本記事は LayerX Tech Advent Calender 2022の12/23日分の記事です。
自己紹介
LayerX、Fintech事業部でエンジニアリングマネージャーをしています。たこちゅー ( @takochuu )です。 前職含めてtoC開発の経験が豊富で、過去5年ほどEMをしていました。 経歴はこちら
現在は、三井物産デジタル・アセットマネジメントに出向して、10ヶ月ほど個人向け投資サービスであるALTERNA(オルタナ)の新規開発に関わっています。
MDMについて
三井物産デジタル・アセットマネジメント(以下、MDM)については以下の記事郡が詳しいので、ご覧になってみてください。

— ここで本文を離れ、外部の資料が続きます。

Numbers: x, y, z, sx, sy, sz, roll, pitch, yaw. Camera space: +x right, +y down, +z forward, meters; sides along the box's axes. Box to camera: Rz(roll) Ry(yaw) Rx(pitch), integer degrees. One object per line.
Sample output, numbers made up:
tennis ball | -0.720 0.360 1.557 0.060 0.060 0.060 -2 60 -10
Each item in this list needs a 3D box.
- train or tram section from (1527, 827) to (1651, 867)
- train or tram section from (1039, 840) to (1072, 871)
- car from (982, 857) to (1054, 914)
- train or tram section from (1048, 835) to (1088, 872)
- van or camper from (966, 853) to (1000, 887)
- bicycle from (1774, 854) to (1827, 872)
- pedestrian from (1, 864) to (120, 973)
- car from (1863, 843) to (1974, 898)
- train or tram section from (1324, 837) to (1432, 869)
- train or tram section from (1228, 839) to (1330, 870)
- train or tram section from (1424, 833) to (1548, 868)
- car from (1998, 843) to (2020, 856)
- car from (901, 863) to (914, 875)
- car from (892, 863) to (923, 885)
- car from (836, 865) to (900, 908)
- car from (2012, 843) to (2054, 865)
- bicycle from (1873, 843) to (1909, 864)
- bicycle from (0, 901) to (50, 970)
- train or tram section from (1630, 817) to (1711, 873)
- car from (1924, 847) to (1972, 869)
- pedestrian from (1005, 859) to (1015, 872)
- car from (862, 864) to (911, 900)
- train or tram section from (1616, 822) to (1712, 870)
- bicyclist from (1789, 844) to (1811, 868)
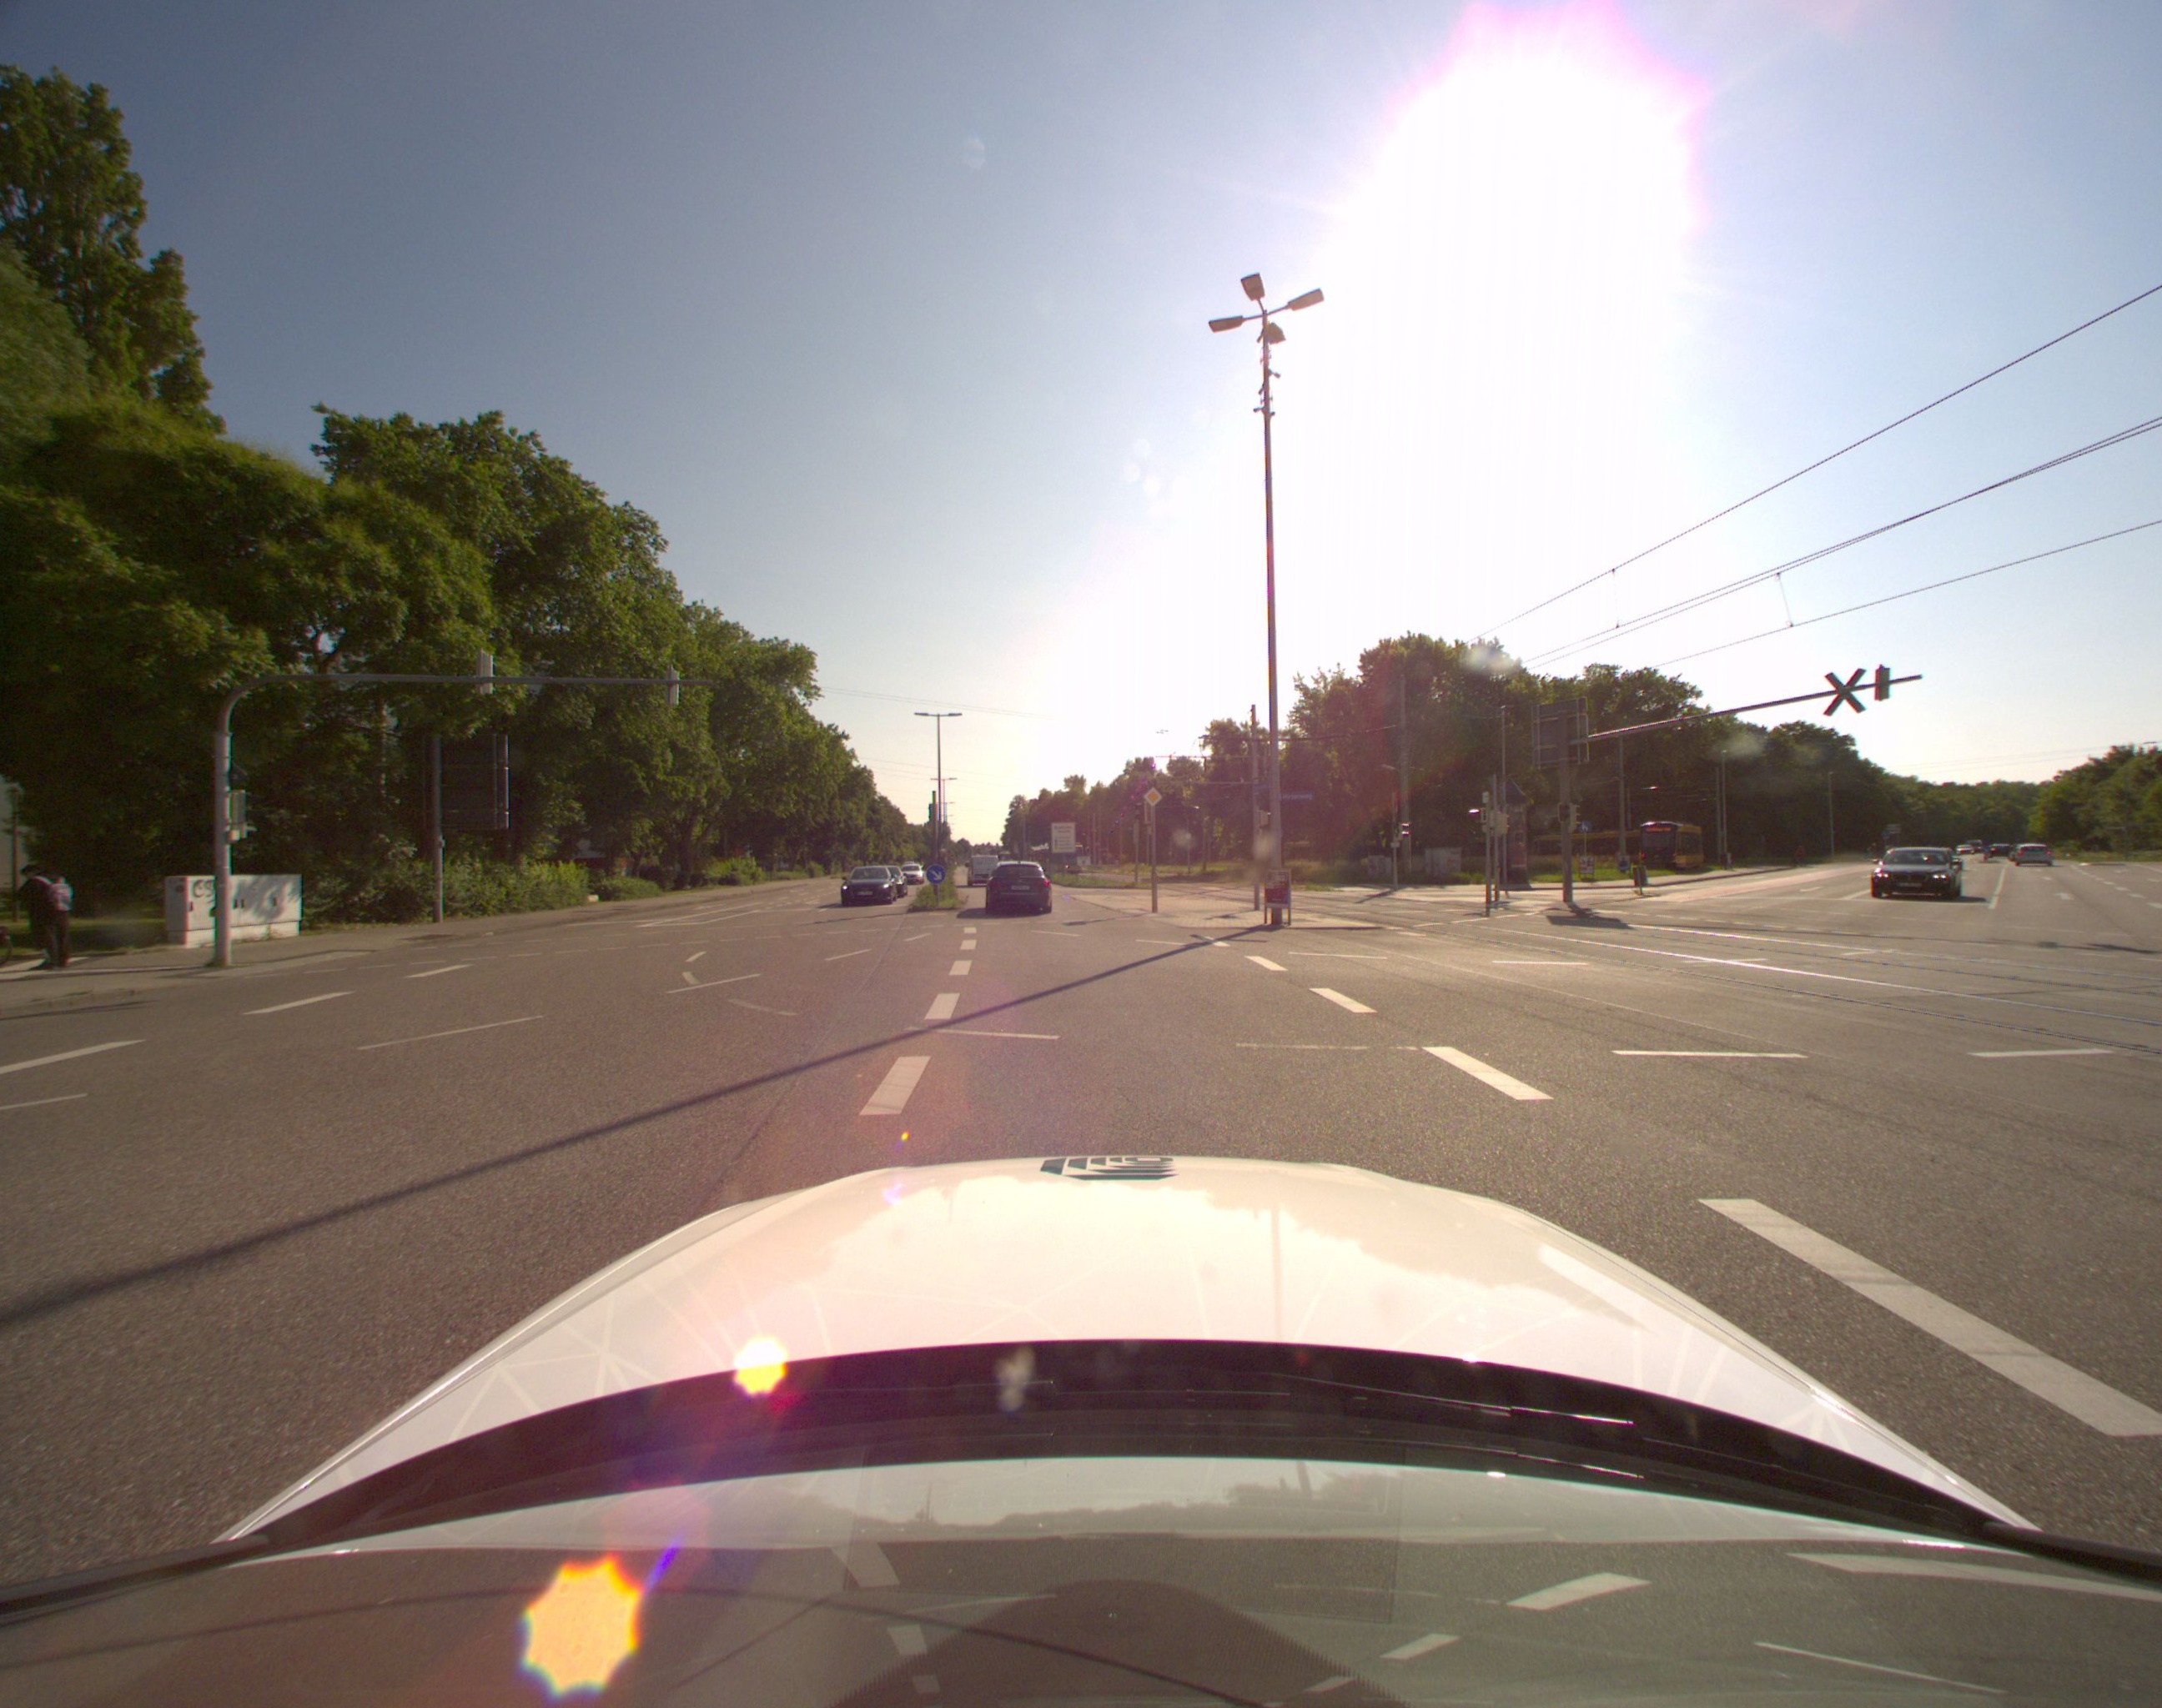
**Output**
train or tram section | 49.977 -0.567 80.809 3.044 3.579 12.190 -1 0 -9
train or tram section | -3.217 0.326 98.739 2.749 3.554 11.223 0 -1 -8
car | -1.902 0.863 23.816 1.901 1.506 4.055 -1 -1 -7
train or tram section | -1.577 0.071 86.797 2.794 3.618 12.919 0 -1 -8
van or camper | -6.444 1.004 53.355 1.993 2.096 4.583 -1 0 -9
bicycle | 61.318 0.772 69.426 1.135 1.454 3.196 1 -2 -33
pedestrian | -17.173 1.049 13.731 0.814 1.752 0.930 -1 -1 -5
car | 27.435 0.483 26.632 4.886 1.562 2.021 -2 0 -39
train or tram section | 36.028 -0.120 99.027 12.079 3.580 3.072 -1 -1 25
train or tram section | 25.129 0.089 103.642 12.294 3.580 3.069 -1 -1 20
train or tram section | 45.233 -0.340 91.493 3.071 3.580 12.079 0 -1 -44
car | 104.858 -0.567 92.021 3.548 1.383 1.587 -1 0 -40
car | -26.760 2.308 125.717 1.788 1.772 4.554 -1 0 -9
car | -12.760 1.439 60.112 1.847 1.477 4.633 -1 0 -8
car | -7.966 1.169 30.858 1.828 1.431 4.716 -2 0 -9
car | 70.216 -0.035 60.042 4.224 1.563 1.835 -1 -1 -39
bicycle | 67.810 -0.008 68.232 0.788 1.713 2.620 -1 0 11
bicycle | -18.837 1.389 13.681 1.910 1.119 0.630 -1 -1 -11
train or tram section | 42.406 -0.602 58.330 3.016 3.579 11.922 -2 -1 44
car | 55.488 0.267 52.113 4.328 1.335 1.729 -1 -1 -39
pedestrian | -8.955 1.421 102.504 0.989 1.634 0.725 -1 -1 24
car | -8.791 1.225 37.096 1.829 1.435 4.366 -2 0 -10
train or tram section | 48.949 -0.592 68.873 3.019 3.579 12.288 -1 -1 18
bicyclist | 61.325 0.186 69.438 1.144 2.014 1.087 1 -2 -33
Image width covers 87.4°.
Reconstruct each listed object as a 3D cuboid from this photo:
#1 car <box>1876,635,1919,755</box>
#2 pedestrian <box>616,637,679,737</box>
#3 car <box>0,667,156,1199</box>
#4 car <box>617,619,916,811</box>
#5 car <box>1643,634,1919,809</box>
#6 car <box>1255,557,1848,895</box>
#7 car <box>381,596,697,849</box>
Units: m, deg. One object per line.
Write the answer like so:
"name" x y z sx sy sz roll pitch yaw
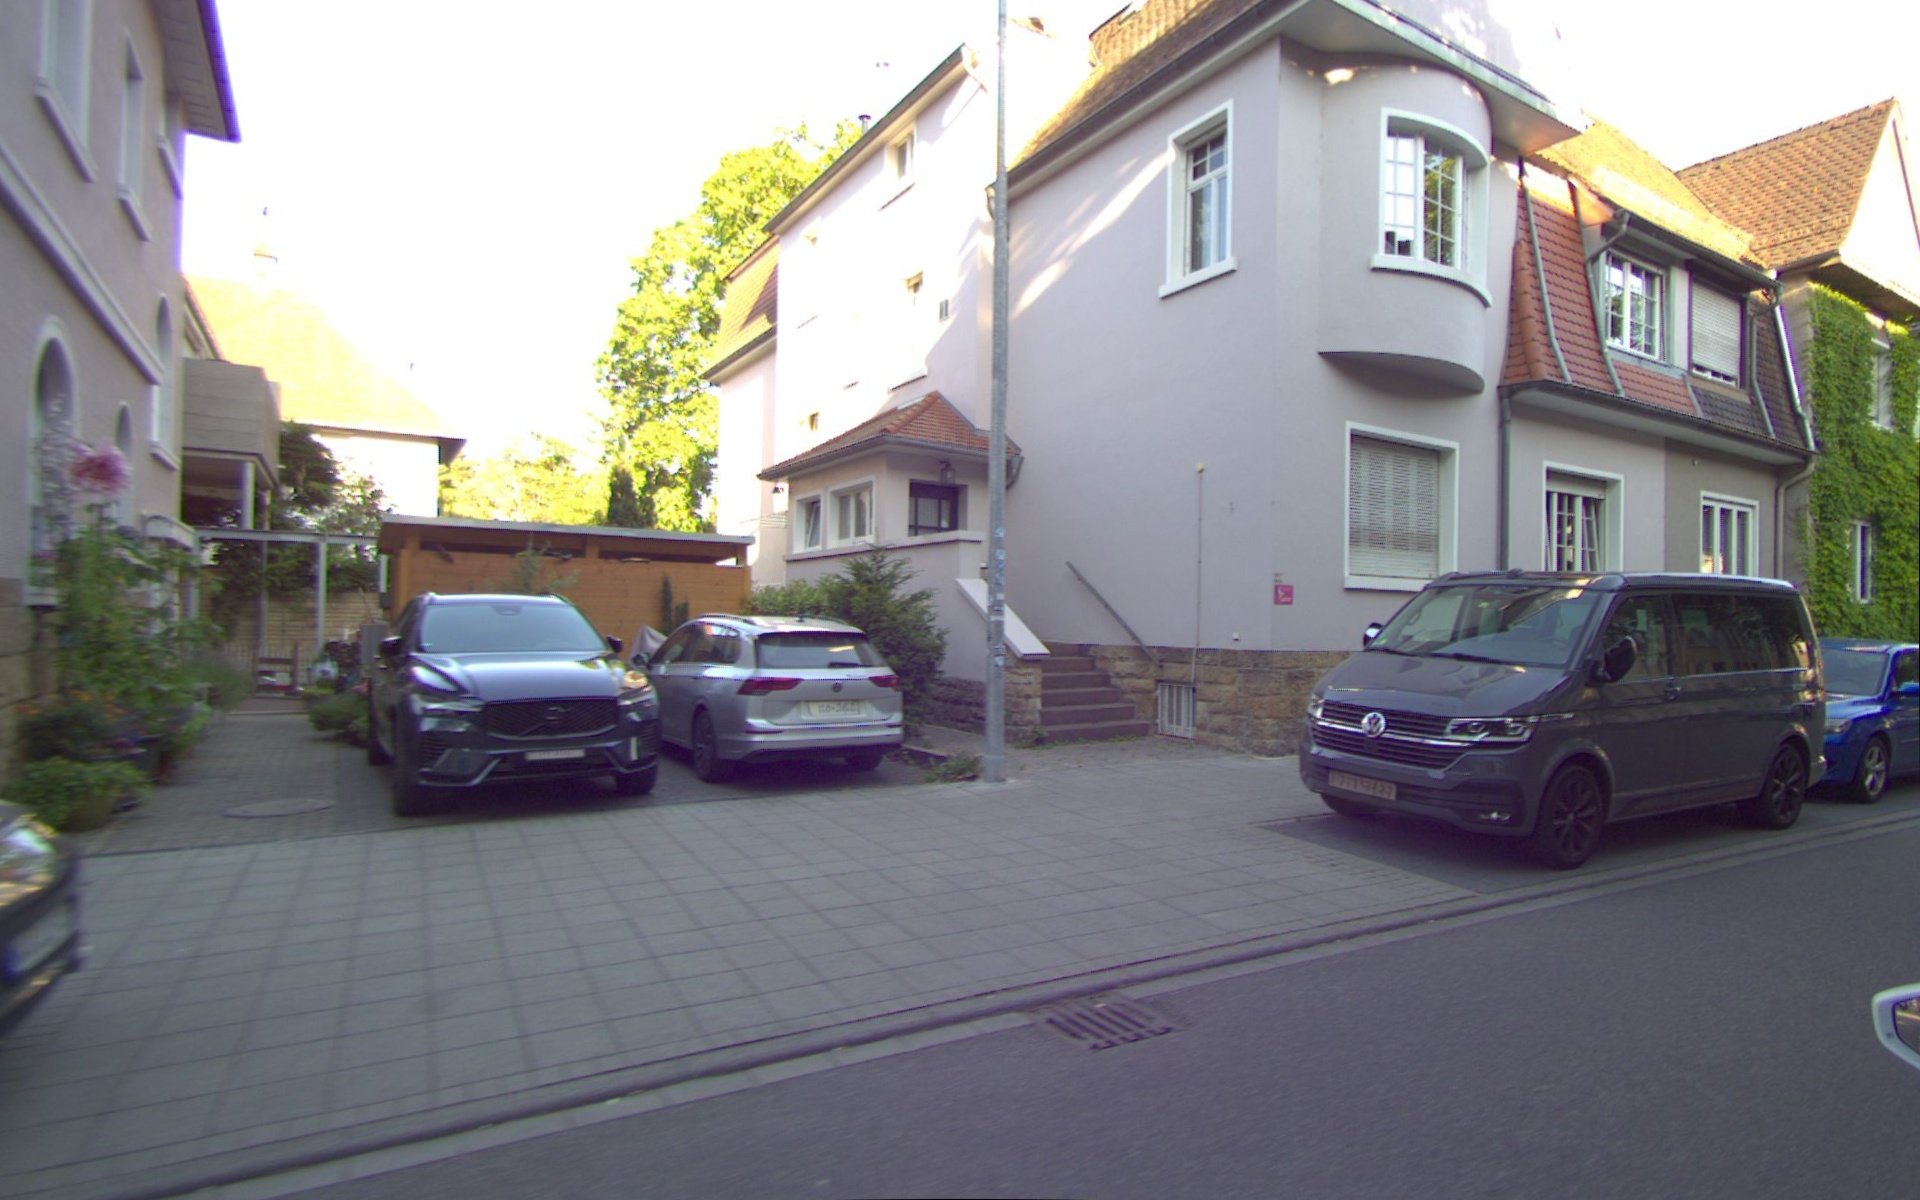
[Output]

そんなMDMを一言で表すと、「スタートアップ・エンジニアカルチャーに三井物産・金融取引業者のエッセンスを足し、金融サービスを作っている会社」です。
社長の上野さんは三井物産で数々の会社経営を実践されてきた方ですが、「能力ある人が裁量を持って自由に活躍できる会社」というのを常日頃仰っており、実際フラットな組織・コミュニケーションで仕事ができています。
設立経緯や思いについては以下をご覧ください。
オープンイノベーションは“地道”の積み重ねだ。LayerXと三井物産から学ぶ、JV立ち上げの秘訣【連載 イノベーション・メカニズム】| FastGrow
本記事ではそんなMDMが新規プロダクトとして取り組んでいるALTERNA(オルタナ)で行ってきた取り組みをご紹介します。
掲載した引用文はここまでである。